» EXERCISE:
Please say how many lines in the entries below hold the string "drawing", with no other words.

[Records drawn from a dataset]
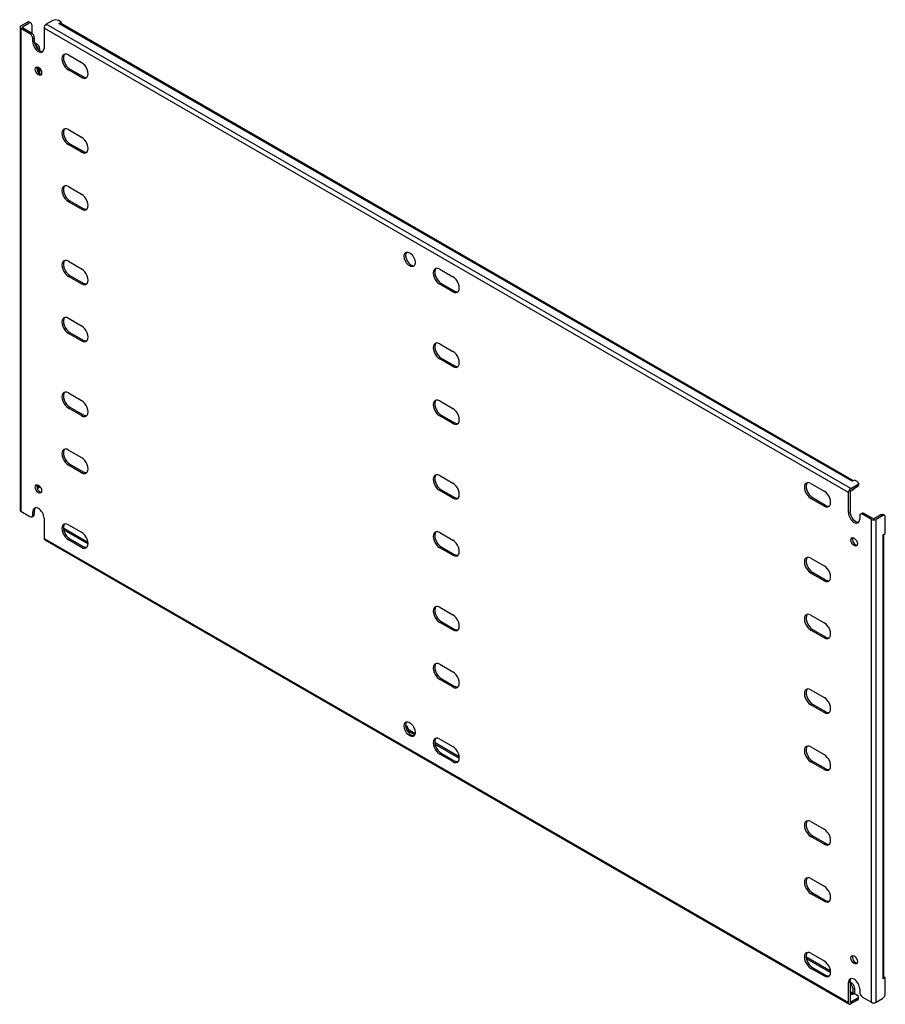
# Model space of a CAD drawing. Header units: inches. Extents: x 152.7 to 179.9, y 54.9 to 85.9.
import ezdxf

# ---------------------------------------------------------------- set-up
doc = ezdxf.new("R2010")
doc.units = ezdxf.units.IN
doc.header["$MEASUREMENT"] = 0
doc.layers.add('Visible Edges(ANSI)', color=7, linetype='Continuous', lineweight=25)
doc.layers.add('Visible Tangent Edges(ANSI)', color=7, linetype='Continuous', lineweight=25)

msp = doc.modelspace()

# ---------------------------------------------------------------- linework, layer by layer
at = {"layer": 'Visible Edges(ANSI)'}
for p, q in [((152.691, 85.692), (152.895, 85.809)), ((152.739, 85.664), (152.943, 85.781)), ((152.957, 85.815), (153.005, 85.788)), ((153.69, 85.86), (153.486, 85.743)), ((153.955, 85.809), (153.867, 85.86)), ((153.885, 85.769), (153.955, 85.809)), ((153.885, 85.769), (153.885, 85.769)), ((153.885, 85.769), (153.885, 85.769)), ((178.84, 71.395), (153.935, 85.774)), ((153.955, 85.809), (153.955, 85.762)), ((152.662, 85.651), (152.662, 70.474)), ((152.975, 85.447), (152.691, 85.611)), ((152.739, 85.638), (153.023, 85.475)), ((153.031, 85.73), (153.031, 85.469)), ((153.416, 85.621), (153.416, 84.988)), ((153.063, 85.192), (153.063, 85.294)), ((153.111, 85.322), (153.111, 85.22)), ((153.115, 85.171), (153.19, 85.128)), ((153.134, 85.105), (153.142, 85.1)), ((153.279, 84.975), (153.279, 84.919)), ((154.183, 84.782), (154.594, 84.544)), ((153.23, 84.397), (153.23, 84.236)), ((153.279, 84.36), (153.279, 84.188)), ((154.594, 84.071), (154.183, 84.308)), ((154.231, 84.336), (154.643, 84.099)), ((154.183, 82.435), (154.594, 82.197)), ((154.594, 81.723), (154.183, 81.961)), ((154.231, 81.989), (154.643, 81.751)), ((154.183, 80.642), (154.594, 80.404)), ((154.594, 79.93), (154.183, 80.168)), ((154.231, 80.196), (154.643, 79.958)), ((154.183, 78.294), (154.594, 78.057)), ((165.85, 78.046), (166.262, 77.808)), ((154.594, 77.583), (154.183, 77.821)), ((154.231, 77.848), (154.643, 77.611)), ((166.262, 77.335), (165.85, 77.572)), ((165.898, 77.6), (166.31, 77.362)), ((154.183, 76.501), (154.594, 76.263)), ((154.594, 75.79), (154.183, 76.028)), ((154.231, 76.055), (154.643, 75.818)), ((165.85, 75.698), (166.262, 75.461)), ((166.262, 74.987), (165.85, 75.225)), ((165.898, 75.253), (166.31, 75.015)), ((154.183, 74.154), (154.594, 73.916)), ((154.594, 73.442), (154.183, 73.68)), ((154.231, 73.708), (154.643, 73.47)), ((165.85, 73.905), (166.262, 73.668)), ((166.262, 73.194), (165.85, 73.432)), ((165.898, 73.46), (166.31, 73.222)), ((154.183, 72.361), (154.594, 72.123)), ((154.594, 71.649), (154.183, 71.887)), ((154.231, 71.915), (154.643, 71.677)), ((165.85, 71.558), (166.262, 71.32)), ((153.23, 71.261), (153.23, 71.199)), ((177.517, 71.31), (177.929, 71.072)), ((178.766, 71.148), (178.969, 71.265)), ((178.766, 71.092), (178.969, 71.21)), ((178.881, 71.418), (178.811, 71.378)), ((178.811, 71.378), (178.811, 71.378)), ((178.811, 71.378), (178.811, 71.378)), ((178.969, 71.367), (178.881, 71.418)), ((179.006, 71.316), (179.006, 71.261)), ((153.253, 71.17), (153.205, 71.142)), ((166.262, 70.847), (165.85, 71.084)), ((165.898, 71.112), (166.31, 70.875)), ((178.696, 70.393), (178.696, 71.026)), ((178.744, 71.054), (178.744, 70.421)), ((178.855, 71.122), (178.807, 71.094)), ((177.929, 70.599), (177.517, 70.836)), ((177.566, 70.864), (177.977, 70.626)), ((152.691, 70.434), (152.975, 70.27)), ((153.037, 70.264), (153.085, 70.292)), ((153.063, 70.321), (153.063, 70.423)), ((153.111, 70.451), (153.111, 70.349)), ((179.049, 70.291), (179.049, 70.189)), ((179.075, 70.348), (179.123, 70.376)), ((179.421, 70.178), (179.137, 70.342)), ((179.186, 70.37), (179.469, 70.206)), ((179.717, 70.323), (179.513, 70.206)), ((179.765, 70.296), (179.561, 70.178)), ((179.827, 70.302), (179.779, 70.33)), ((153.416, 70.219), (153.416, 69.585)), ((154.183, 70.013), (154.594, 69.776)), ((179.853, 69.735), (179.853, 70.245)), ((154.034, 69.852), (154.799, 69.41)), ((154.044, 69.902), (154.796, 69.467)), ((165.85, 69.765), (166.262, 69.527)), ((179.783, 69.694), (179.853, 69.735)), ((179.783, 69.694), (179.783, 69.694)), ((179.783, 69.694), (179.783, 69.694)), ((179.812, 55.782), (179.812, 69.711)), ((153.437, 69.54), (178.716, 54.945)), ((154.594, 69.302), (154.183, 69.54)), ((154.231, 69.567), (154.643, 69.33)), ((166.262, 69.054), (165.85, 69.291)), ((165.898, 69.319), (166.31, 69.082)), ((177.517, 68.962), (177.929, 68.725)), ((177.929, 68.251), (177.517, 68.489)), ((177.566, 68.517), (177.977, 68.279)), ((165.85, 67.418), (166.262, 67.18)), ((177.517, 67.169), (177.929, 66.932)), ((166.262, 66.706), (165.85, 66.944)), ((165.898, 66.972), (166.31, 66.734)), ((177.929, 66.458), (177.517, 66.696)), ((177.566, 66.724), (177.977, 66.486)), ((165.85, 65.625), (166.262, 65.387)), ((166.262, 64.913), (165.85, 65.151)), ((165.898, 65.179), (166.31, 64.941)), ((177.517, 64.822), (177.929, 64.584)), ((177.929, 64.111), (177.517, 64.348)), ((177.566, 64.376), (177.977, 64.139)), ((164.778, 63.704), (164.827, 63.676)), ((164.786, 63.652), (164.827, 63.676)), ((165.067, 63.406), (164.845, 63.534)), ((164.893, 63.561), (165.082, 63.453)), ((165.711, 63.166), (165.695, 63.156)), ((165.711, 63.166), (166.463, 62.731)), ((165.85, 63.277), (166.262, 63.039)), ((165.701, 63.116), (166.467, 62.674)), ((165.898, 62.831), (166.31, 62.594)), ((177.517, 63.029), (177.929, 62.791)), ((166.262, 62.566), (165.85, 62.804)), ((177.929, 62.318), (177.517, 62.555)), ((177.566, 62.583), (177.977, 62.345)), ((177.517, 60.681), (177.929, 60.444)), ((177.929, 59.97), (177.517, 60.208)), ((177.566, 60.236), (177.977, 59.998)), ((177.517, 58.888), (177.929, 58.651)), ((177.929, 58.177), (177.517, 58.415)), ((177.566, 58.443), (177.977, 58.205)), ((177.361, 56.44), (178.13, 55.995)), ((177.369, 56.38), (178.134, 55.938)), ((177.517, 56.541), (177.929, 56.303)), ((177.929, 55.83), (177.517, 56.067)), ((177.566, 56.095), (177.977, 55.858)), ((179.853, 55.782), (179.783, 55.741)), ((179.783, 55.741), (179.783, 55.742)), ((179.783, 55.742), (179.783, 55.742)), ((179.812, 55.806), (179.853, 55.782)), ((179.853, 55.272), (179.853, 55.782)), ((178.696, 54.99), (178.696, 55.624)), ((178.744, 55.652), (178.744, 55.018)), ((178.744, 55.641), (178.792, 55.613)), ((178.744, 55.586), (178.744, 55.585)), ((178.833, 55.432), (178.833, 55.274)), ((178.881, 55.46), (178.881, 55.302)), ((179.049, 55.42), (179.049, 55.318)), ((178.969, 55.123), (178.766, 55.006)), ((178.881, 55.276), (178.811, 55.236)), ((178.811, 55.236), (178.811, 55.236)), ((178.811, 55.236), (178.811, 55.236)), ((178.881, 55.276), (178.969, 55.225)), ((179.006, 55.119), (179.006, 55.174)), ((179.137, 55.165), (179.421, 55.001)), ((179.561, 55.001), (179.765, 55.119)), ((178.969, 55.068), (178.766, 54.95))]:
    msp.add_line(p, q, dxfattribs=at)
for centre, major_axis, start_param, end_param in [((152.895, 85.707), (0.062, 0.108), 0, 0.785398), ((152.943, 85.679), (0.062, 0.108), 5.497787, 7.068583), ((153.486, 85.662), (0.0495, 0.0857), 0.785398, 2.356194), ((153.778, 85.809), (0.125, 0), 0.785398, 2.356194), ((153.885, 85.688), (0.0495, 0.0857), 0, 0.785398), ((152.761, 85.651), (-0.099, 0), 5.497787, 7.068583), ((152.761, 85.651), (-0.031, 0), 5.497787, 7.068583), ((152.975, 85.345), (0.062, -0.108), 0.785398, 2.356194), ((153.023, 85.373), (-0.063, 0.108), 3.926991, 5.497787), ((153.24, 85.09), (0.125, -0.217), 3.926991, 7.068583), ((153.288, 85.118), (0.125, -0.217), 3.926991, 6.089646), ((153.19, 85.026), (-0.063, 0.108), 3.926991, 5.497787), ((153.142, 84.998), (0.062, -0.108), 0.887242, 2.356194), ((154.183, 84.545), (-0.145, 0.251), 5.497787, 8.63938), ((154.231, 84.573), (-0.145, 0.251), 0.166574, 2.356194), ((154.594, 84.308), (0.145, -0.251), 5.497787, 8.63938), ((153.288, 84.301), (-0.072, 0.126), 0.338008, 2.803584), ((154.643, 84.335), (0.145, -0.251), 5.497787, 6.116612), ((154.183, 82.198), (-0.145, 0.251), 5.497787, 8.63938), ((154.231, 82.226), (-0.145, 0.251), 0.166574, 2.356194), ((154.594, 81.96), (0.145, -0.251), 5.497787, 8.63938), ((154.643, 81.988), (0.145, -0.251), 5.497787, 6.116612), ((154.183, 80.405), (-0.145, 0.251), 5.497787, 8.63938), ((154.231, 80.433), (-0.145, 0.251), 0.166574, 2.356194), ((154.594, 80.167), (0.145, -0.251), 5.497787, 8.63938), ((154.643, 80.195), (0.145, -0.251), 5.497787, 6.116612), ((154.183, 78.057), (-0.145, 0.251), 5.497787, 8.63938), ((154.231, 78.085), (-0.145, 0.251), 0.166574, 2.356194), ((164.955, 78.381), (-0.125, 0.217), 0.193539, 2.948054), ((154.594, 77.82), (0.145, -0.251), 5.497787, 8.63938), ((165.85, 77.809), (-0.145, 0.251), 5.497787, 8.63938), ((165.898, 77.837), (-0.145, 0.251), 0.166574, 2.356194), ((166.262, 77.572), (0.145, -0.251), 5.497787, 8.63938), ((154.643, 77.847), (0.145, -0.251), 5.497787, 6.116612), ((166.31, 77.599), (0.145, -0.251), 5.497787, 6.116612), ((154.183, 76.264), (-0.145, 0.251), 5.497787, 8.63938), ((154.231, 76.292), (-0.145, 0.251), 0.166574, 2.356194), ((154.594, 76.027), (0.145, -0.251), 5.497787, 8.63938), ((154.643, 76.054), (0.145, -0.251), 5.497787, 6.116612), ((165.85, 75.462), (-0.145, 0.251), 5.497787, 8.63938), ((165.898, 75.489), (-0.145, 0.251), 0.166574, 2.356194), ((166.262, 75.224), (0.145, -0.251), 5.497787, 8.63938), ((166.31, 75.252), (0.145, -0.251), 5.497787, 6.116612), ((154.183, 73.917), (-0.145, 0.251), 5.497787, 8.63938), ((154.231, 73.945), (-0.145, 0.251), 0.166574, 2.356194), ((154.594, 73.679), (0.145, -0.251), 5.497787, 8.63938), ((165.85, 73.669), (-0.145, 0.251), 5.497787, 8.63938), ((165.898, 73.696), (-0.145, 0.251), 0.166574, 2.356194), ((166.262, 73.431), (0.145, -0.251), 5.497787, 8.63938), ((154.643, 73.707), (0.145, -0.251), 5.497787, 6.116612), ((166.31, 73.459), (0.145, -0.251), 5.497787, 6.116612), ((154.183, 72.124), (-0.145, 0.251), 5.497787, 8.63938), ((154.231, 72.152), (-0.145, 0.251), 0.166574, 2.356194), ((154.594, 71.886), (0.145, -0.251), 5.497787, 8.63938), ((154.643, 71.914), (0.145, -0.251), 5.497787, 6.116612), ((165.85, 71.321), (-0.145, 0.251), 5.497787, 8.63938), ((165.898, 71.349), (-0.145, 0.251), 0.166574, 2.356194), ((153.288, 71.165), (-0.072, 0.126), 0.338008, 2.803584), ((153.142, 71.25), (0.063, -0.108), 0.012335, 0.785398), ((153.19, 71.278), (0.063, -0.108), 0, 0.762813), ((166.262, 71.084), (0.145, -0.251), 5.497787, 8.63938), ((177.517, 71.073), (-0.145, 0.251), 5.497787, 8.63938), ((177.566, 71.101), (-0.145, 0.251), 0.166574, 2.356194), ((178.811, 71.297), (0.0495, 0.0857), 0.721823, 0.785398), ((178.881, 71.316), (0.125, 0), 5.497787, 7.068583), ((178.881, 71.261), (0.125, 0), 5.497787, 6.283185), ((177.929, 70.835), (0.145, -0.251), 5.497787, 8.63938), ((178.766, 71.067), (0.0495, 0.0857), 0.785398, 2.356194), ((178.766, 71.067), (0.0155, 0.0268), 0.785398, 2.356194), ((178.744, 71.202), (0.063, -0.108), 5.726091, 6.840784), ((178.792, 71.23), (0.063, -0.108), 0, 0.557599), ((153.24, 70.321), (-0.125, 0.217), 3.926991, 7.068583), ((166.31, 71.111), (0.145, -0.251), 5.497787, 6.116612), ((177.977, 70.863), (0.145, -0.251), 5.497787, 6.116612), ((152.761, 70.474), (-0.099, 0), 0, 0.785398), ((152.975, 70.372), (0.062, -0.108), 5.497787, 7.068583), ((153.023, 70.4), (0.063, -0.108), 0, 0.785398), ((153.288, 70.349), (-0.125, 0.217), 0.193539, 0.785398), ((178.872, 70.291), (0.125, -0.217), 3.926991, 7.068583), ((178.92, 70.319), (0.125, -0.217), 3.926991, 6.089646), ((179.137, 70.24), (-0.062, 0.108), 5.497787, 7.068583), ((179.186, 70.268), (-0.062, 0.108), 5.497787, 6.283185), ((179.717, 70.221), (0.062, 0.108), 0, 0.785398), ((179.765, 70.194), (0.062, 0.108), 5.497787, 7.068583), ((154.183, 69.776), (-0.145, 0.251), 5.497787, 8.63938), ((154.231, 69.804), (-0.145, 0.251), 0.166574, 2.356194), ((179.491, 70.219), (0.099, 0), 3.926991, 5.497787), ((179.491, 70.219), (0.031, 0), 3.926991, 5.497787), ((154.044, 69.8), (-0.062, 0.108), 5.497787, 5.695787), ((154.594, 69.539), (0.145, -0.251), 5.497787, 8.63938), ((165.85, 69.528), (-0.145, 0.251), 5.497787, 8.63938), ((165.898, 69.556), (-0.145, 0.251), 0.166574, 2.356194), ((179.713, 69.734), (0.099, 0), 5.497787, 5.561362), ((153.486, 69.626), (-0.0495, -0.0857), 5.497787, 6.283185), ((154.643, 69.567), (0.145, -0.251), 5.497787, 6.116612), ((166.262, 69.291), (0.145, -0.251), 5.497787, 8.63938), ((178.92, 69.502), (-0.072, 0.126), 0.338008, 2.803584), ((166.31, 69.318), (0.145, -0.251), 5.497787, 6.116612), ((177.517, 68.726), (-0.145, 0.251), 5.497787, 8.63938), ((177.566, 68.753), (-0.145, 0.251), 0.166574, 2.356194), ((177.929, 68.488), (0.145, -0.251), 5.497787, 8.63938), ((177.977, 68.516), (0.145, -0.251), 5.497787, 6.116612), ((165.85, 67.181), (-0.145, 0.251), 5.497787, 8.63938), ((165.898, 67.209), (-0.145, 0.251), 0.166574, 2.356194), ((166.262, 66.943), (0.145, -0.251), 5.497787, 8.63938), ((177.517, 66.933), (-0.145, 0.251), 5.497787, 8.63938), ((177.566, 66.96), (-0.145, 0.251), 0.166574, 2.356194), ((177.929, 66.695), (0.145, -0.251), 5.497787, 8.63938), ((166.31, 66.971), (0.145, -0.251), 5.497787, 6.116612), ((177.977, 66.723), (0.145, -0.251), 5.497787, 6.116612), ((165.85, 65.388), (-0.145, 0.251), 5.497787, 8.63938), ((165.898, 65.416), (-0.145, 0.251), 0.166574, 2.356194), ((166.262, 65.15), (0.145, -0.251), 5.497787, 8.63938), ((166.31, 65.178), (0.145, -0.251), 5.497787, 6.116612), ((177.517, 64.585), (-0.145, 0.251), 5.497787, 8.63938), ((177.566, 64.613), (-0.145, 0.251), 0.166574, 2.356194), ((177.929, 64.348), (0.145, -0.251), 5.497787, 8.63938), ((177.977, 64.375), (0.145, -0.251), 5.497787, 6.116612), ((164.955, 63.613), (-0.125, 0.217), 0.193539, 2.948054), ((164.845, 63.61), (-0.0468, 0.081), 2.058221, 2.356194), ((164.893, 63.638), (0.0468, -0.081), 3.926991, 5.497787), ((165.85, 63.04), (-0.145, 0.251), 5.497787, 8.63938), ((165.898, 63.068), (-0.145, 0.251), 0.166574, 2.356194), ((166.262, 62.803), (0.145, -0.251), 5.497787, 8.63938), ((177.517, 62.792), (-0.145, 0.251), 5.497787, 8.63938), ((177.566, 62.82), (-0.145, 0.251), 0.166574, 2.356194), ((166.31, 62.83), (0.145, -0.251), 5.497787, 6.116612), ((177.929, 62.554), (0.145, -0.251), 5.497787, 8.63938), ((177.977, 62.582), (0.145, -0.251), 5.497787, 6.116612), ((177.517, 60.445), (-0.145, 0.251), 5.497787, 8.63938), ((177.566, 60.472), (-0.145, 0.251), 0.166574, 2.356194), ((177.929, 60.207), (0.145, -0.251), 5.497787, 8.63938), ((177.977, 60.235), (0.145, -0.251), 5.497787, 6.116612), ((177.517, 58.652), (-0.145, 0.251), 5.497787, 8.63938), ((177.566, 58.679), (-0.145, 0.251), 0.166574, 2.356194), ((177.929, 58.414), (0.145, -0.251), 5.497787, 8.63938), ((177.977, 58.442), (0.145, -0.251), 5.497787, 6.116612), ((177.517, 56.304), (-0.145, 0.251), 5.497787, 8.63938), ((177.566, 56.332), (-0.145, 0.251), 0.166574, 2.356194), ((178.92, 56.366), (-0.072, 0.126), 0.338008, 2.803584), ((177.929, 56.067), (0.145, -0.251), 5.497787, 8.63938), ((177.977, 56.094), (0.145, -0.251), 5.497787, 6.116612), ((178.872, 55.522), (-0.125, 0.217), 3.926991, 7.068583), ((178.92, 55.55), (-0.125, 0.217), 0.193539, 0.785398), ((179.713, 55.782), (0.099, 0), 5.497787, 6.283185), ((178.744, 55.483), (0.062, -0.108), 0.785398, 2.356194), ((178.792, 55.511), (-0.063, 0.108), 3.926991, 5.497787), ((178.811, 55.261), (0.0155, 0.0268), 3.926991, 5.497787), ((178.811, 55.261), (0.0495, 0.0857), 5.177171, 5.497787), ((178.881, 55.174), (0.125, 0), 5.497787, 7.068583), ((178.881, 55.119), (0.125, 0), 5.497787, 6.283185), ((179.137, 55.267), (-0.062, 0.108), 0.785398, 2.356194), ((179.765, 55.221), (-0.063, -0.108), 0.785398, 2.356194), ((178.766, 55.031), (-0.0495, -0.0857), 5.497787, 7.068583), ((178.766, 55.031), (-0.0155, -0.0268), 5.497787, 7.068583), ((179.491, 55.042), (0.099, 0), 3.926991, 5.497787)]:
    msp.add_ellipse(centre, major_axis=major_axis, ratio=0.57735, start_param=start_param, end_param=end_param, dxfattribs=at)
for centre, major_axis in [((153.24, 84.273), (0.072, -0.126)), ((164.907, 78.354), (0.125, -0.217)), ((153.24, 71.138), (-0.072, 0.126)), ((178.872, 69.474), (0.072, -0.126)), ((164.907, 63.585), (0.125, -0.217)), ((178.872, 56.339), (-0.072, 0.126))]:
    msp.add_ellipse(centre, major_axis=major_axis, ratio=0.57735, dxfattribs=at)
at = {"layer": 'Visible Tangent Edges(ANSI)'}
for p, q in [((152.895, 85.809), (152.943, 85.781)), ((178.766, 71.148), (153.486, 85.743)), ((178.811, 71.378), (153.885, 85.769)), ((152.691, 85.611), (152.691, 70.434)), ((152.739, 85.638), (152.739, 85.664)), ((153.023, 85.475), (152.975, 85.447)), ((178.696, 71.026), (153.416, 85.621)), ((153.063, 85.294), (153.111, 85.322)), ((153.063, 85.192), (153.111, 85.22)), ((153.19, 85.128), (153.142, 85.1)), ((153.237, 84.951), (153.279, 84.975)), ((154.183, 84.308), (154.231, 84.336)), ((154.594, 84.071), (154.643, 84.099)), ((154.183, 81.961), (154.231, 81.989)), ((154.594, 81.723), (154.643, 81.751)), ((154.183, 80.168), (154.231, 80.196)), ((154.594, 79.93), (154.643, 79.958)), ((154.183, 77.821), (154.231, 77.848)), ((154.594, 77.583), (154.643, 77.611)), ((165.85, 77.572), (165.898, 77.6)), ((166.262, 77.335), (166.31, 77.362)), ((154.183, 76.028), (154.231, 76.055)), ((154.594, 75.79), (154.643, 75.818)), ((165.85, 75.225), (165.898, 75.253)), ((166.262, 74.987), (166.31, 75.015)), ((154.183, 73.68), (154.231, 73.708)), ((154.594, 73.442), (154.643, 73.47)), ((165.85, 73.432), (165.898, 73.46)), ((166.262, 73.194), (166.31, 73.222)), ((154.183, 71.887), (154.231, 71.915)), ((154.594, 71.649), (154.643, 71.677)), ((153.277, 71.226), (153.23, 71.199)), ((178.969, 71.265), (178.969, 71.21)), ((165.85, 71.084), (165.898, 71.112)), ((166.262, 70.847), (166.31, 70.875)), ((177.517, 70.836), (177.566, 70.864)), ((177.929, 70.599), (177.977, 70.626)), ((153.063, 70.423), (153.111, 70.451)), ((153.111, 70.349), (153.063, 70.321)), ((178.696, 70.393), (178.744, 70.421)), ((179.137, 70.342), (179.186, 70.37)), ((179.717, 70.323), (179.765, 70.296)), ((179.421, 55.001), (179.421, 70.178)), ((179.561, 55.001), (179.561, 70.178)), ((154.028, 69.892), (154.044, 69.902)), ((179.783, 55.742), (179.783, 69.694)), ((153.416, 69.585), (178.696, 54.99)), ((154.183, 69.54), (154.231, 69.567)), ((154.594, 69.302), (154.643, 69.33)), ((165.85, 69.291), (165.898, 69.319)), ((166.262, 69.054), (166.31, 69.082)), ((177.517, 68.489), (177.566, 68.517)), ((177.929, 68.251), (177.977, 68.279)), ((165.85, 66.944), (165.898, 66.972)), ((166.262, 66.706), (166.31, 66.734)), ((177.517, 66.696), (177.566, 66.724)), ((177.929, 66.458), (177.977, 66.486)), ((165.85, 65.151), (165.898, 65.179)), ((166.262, 64.913), (166.31, 64.941)), ((177.517, 64.348), (177.566, 64.376)), ((177.929, 64.111), (177.977, 64.139)), ((164.893, 63.561), (164.845, 63.534)), ((165.85, 62.804), (165.898, 62.831)), ((166.262, 62.566), (166.31, 62.594)), ((177.517, 62.555), (177.566, 62.583)), ((177.929, 62.318), (177.977, 62.345)), ((177.517, 60.208), (177.566, 60.236)), ((177.929, 59.97), (177.977, 59.998)), ((177.517, 58.415), (177.566, 58.443)), ((177.929, 58.177), (177.977, 58.205)), ((177.517, 56.067), (177.566, 56.095)), ((177.929, 55.83), (177.977, 55.858)), ((178.696, 55.624), (178.744, 55.652)), ((178.792, 55.613), (178.744, 55.585)), ((178.833, 55.432), (178.881, 55.46)), ((178.833, 55.274), (178.744, 55.325)), ((178.811, 55.236), (178.744, 55.275)), ((178.969, 55.123), (178.969, 55.068)), ((178.766, 55.006), (178.744, 55.018))]:
    msp.add_line(p, q, dxfattribs=at)

doc.saveas('drawing.dxf')

» EXERCISE RESPONSE:
2